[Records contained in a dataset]
= = = = = = =
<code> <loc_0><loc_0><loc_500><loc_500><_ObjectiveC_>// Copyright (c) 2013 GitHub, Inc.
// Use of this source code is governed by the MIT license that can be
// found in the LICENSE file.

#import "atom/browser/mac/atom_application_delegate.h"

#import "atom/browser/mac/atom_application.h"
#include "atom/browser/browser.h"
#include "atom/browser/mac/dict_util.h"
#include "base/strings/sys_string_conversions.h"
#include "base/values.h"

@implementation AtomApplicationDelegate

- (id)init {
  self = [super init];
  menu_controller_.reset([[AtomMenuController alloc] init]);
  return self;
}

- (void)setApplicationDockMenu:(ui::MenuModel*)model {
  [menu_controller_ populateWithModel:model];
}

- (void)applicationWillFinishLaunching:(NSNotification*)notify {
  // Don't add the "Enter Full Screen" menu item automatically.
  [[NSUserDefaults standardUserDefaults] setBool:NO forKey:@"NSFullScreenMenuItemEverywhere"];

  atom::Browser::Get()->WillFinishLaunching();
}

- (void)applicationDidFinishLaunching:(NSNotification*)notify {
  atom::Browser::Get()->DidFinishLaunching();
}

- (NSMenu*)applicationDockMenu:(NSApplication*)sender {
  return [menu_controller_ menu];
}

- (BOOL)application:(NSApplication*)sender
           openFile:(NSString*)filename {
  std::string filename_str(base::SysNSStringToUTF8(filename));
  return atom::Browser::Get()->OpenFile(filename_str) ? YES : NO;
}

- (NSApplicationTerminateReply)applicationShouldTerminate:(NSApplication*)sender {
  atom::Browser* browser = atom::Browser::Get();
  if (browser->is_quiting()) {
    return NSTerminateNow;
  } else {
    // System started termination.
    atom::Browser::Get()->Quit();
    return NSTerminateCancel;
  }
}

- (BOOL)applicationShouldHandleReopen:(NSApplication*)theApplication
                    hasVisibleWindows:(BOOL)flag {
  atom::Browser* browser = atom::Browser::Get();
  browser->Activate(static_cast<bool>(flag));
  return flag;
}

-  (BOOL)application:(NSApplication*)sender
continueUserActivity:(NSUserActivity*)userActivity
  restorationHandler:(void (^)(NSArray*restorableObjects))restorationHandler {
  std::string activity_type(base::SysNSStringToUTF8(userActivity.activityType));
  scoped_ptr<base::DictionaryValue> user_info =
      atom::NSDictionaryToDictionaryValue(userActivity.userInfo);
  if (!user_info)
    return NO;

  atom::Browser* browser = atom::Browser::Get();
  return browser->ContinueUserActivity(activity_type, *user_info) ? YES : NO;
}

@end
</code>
= = = = = = =
WORK REQUEST: The data must be output in full, exactly as given.

WRITTEN SOLUTION:
<code> <loc_0><loc_0><loc_500><loc_500><_ObjectiveC_>// Copyright (c) 2013 GitHub, Inc.
// Use of this source code is governed by the MIT license that can be
// found in the LICENSE file.

#import "atom/browser/mac/atom_application_delegate.h"

#import "atom/browser/mac/atom_application.h"
#include "atom/browser/browser.h"
#include "atom/browser/mac/dict_util.h"
#include "base/strings/sys_string_conversions.h"
#include "base/values.h"

@implementation AtomApplicationDelegate

- (id)init {
  self = [super init];
  menu_controller_.reset([[AtomMenuController alloc] init]);
  return self;
}

- (void)setApplicationDockMenu:(ui::MenuModel*)model {
  [menu_controller_ populateWithModel:model];
}

- (void)applicationWillFinishLaunching:(NSNotification*)notify {
  // Don't add the "Enter Full Screen" menu item automatically.
  [[NSUserDefaults standardUserDefaults] setBool:NO forKey:@"NSFullScreenMenuItemEverywhere"];

  atom::Browser::Get()->WillFinishLaunching();
}

- (void)applicationDidFinishLaunching:(NSNotification*)notify {
  atom::Browser::Get()->DidFinishLaunching();
}

- (NSMenu*)applicationDockMenu:(NSApplication*)sender {
  return [menu_controller_ menu];
}

- (BOOL)application:(NSApplication*)sender
           openFile:(NSString*)filename {
  std::string filename_str(base::SysNSStringToUTF8(filename));
  return atom::Browser::Get()->OpenFile(filename_str) ? YES : NO;
}

- (NSApplicationTerminateReply)applicationShouldTerminate:(NSApplication*)sender {
  atom::Browser* browser = atom::Browser::Get();
  if (browser->is_quiting()) {
    return NSTerminateNow;
  } else {
    // System started termination.
    atom::Browser::Get()->Quit();
    return NSTerminateCancel;
  }
}

- (BOOL)applicationShouldHandleReopen:(NSApplication*)theApplication
                    hasVisibleWindows:(BOOL)flag {
  atom::Browser* browser = atom::Browser::Get();
  browser->Activate(static_cast<bool>(flag));
  return flag;
}

-  (BOOL)application:(NSApplication*)sender
continueUserActivity:(NSUserActivity*)userActivity
  restorationHandler:(void (^)(NSArray*restorableObjects))restorationHandler {
  std::string activity_type(base::SysNSStringToUTF8(userActivity.activityType));
  scoped_ptr<base::DictionaryValue> user_info =
      atom::NSDictionaryToDictionaryValue(userActivity.userInfo);
  if (!user_info)
    return NO;

  atom::Browser* browser = atom::Browser::Get();
  return browser->ContinueUserActivity(activity_type, *user_info) ? YES : NO;
}

@end
</code>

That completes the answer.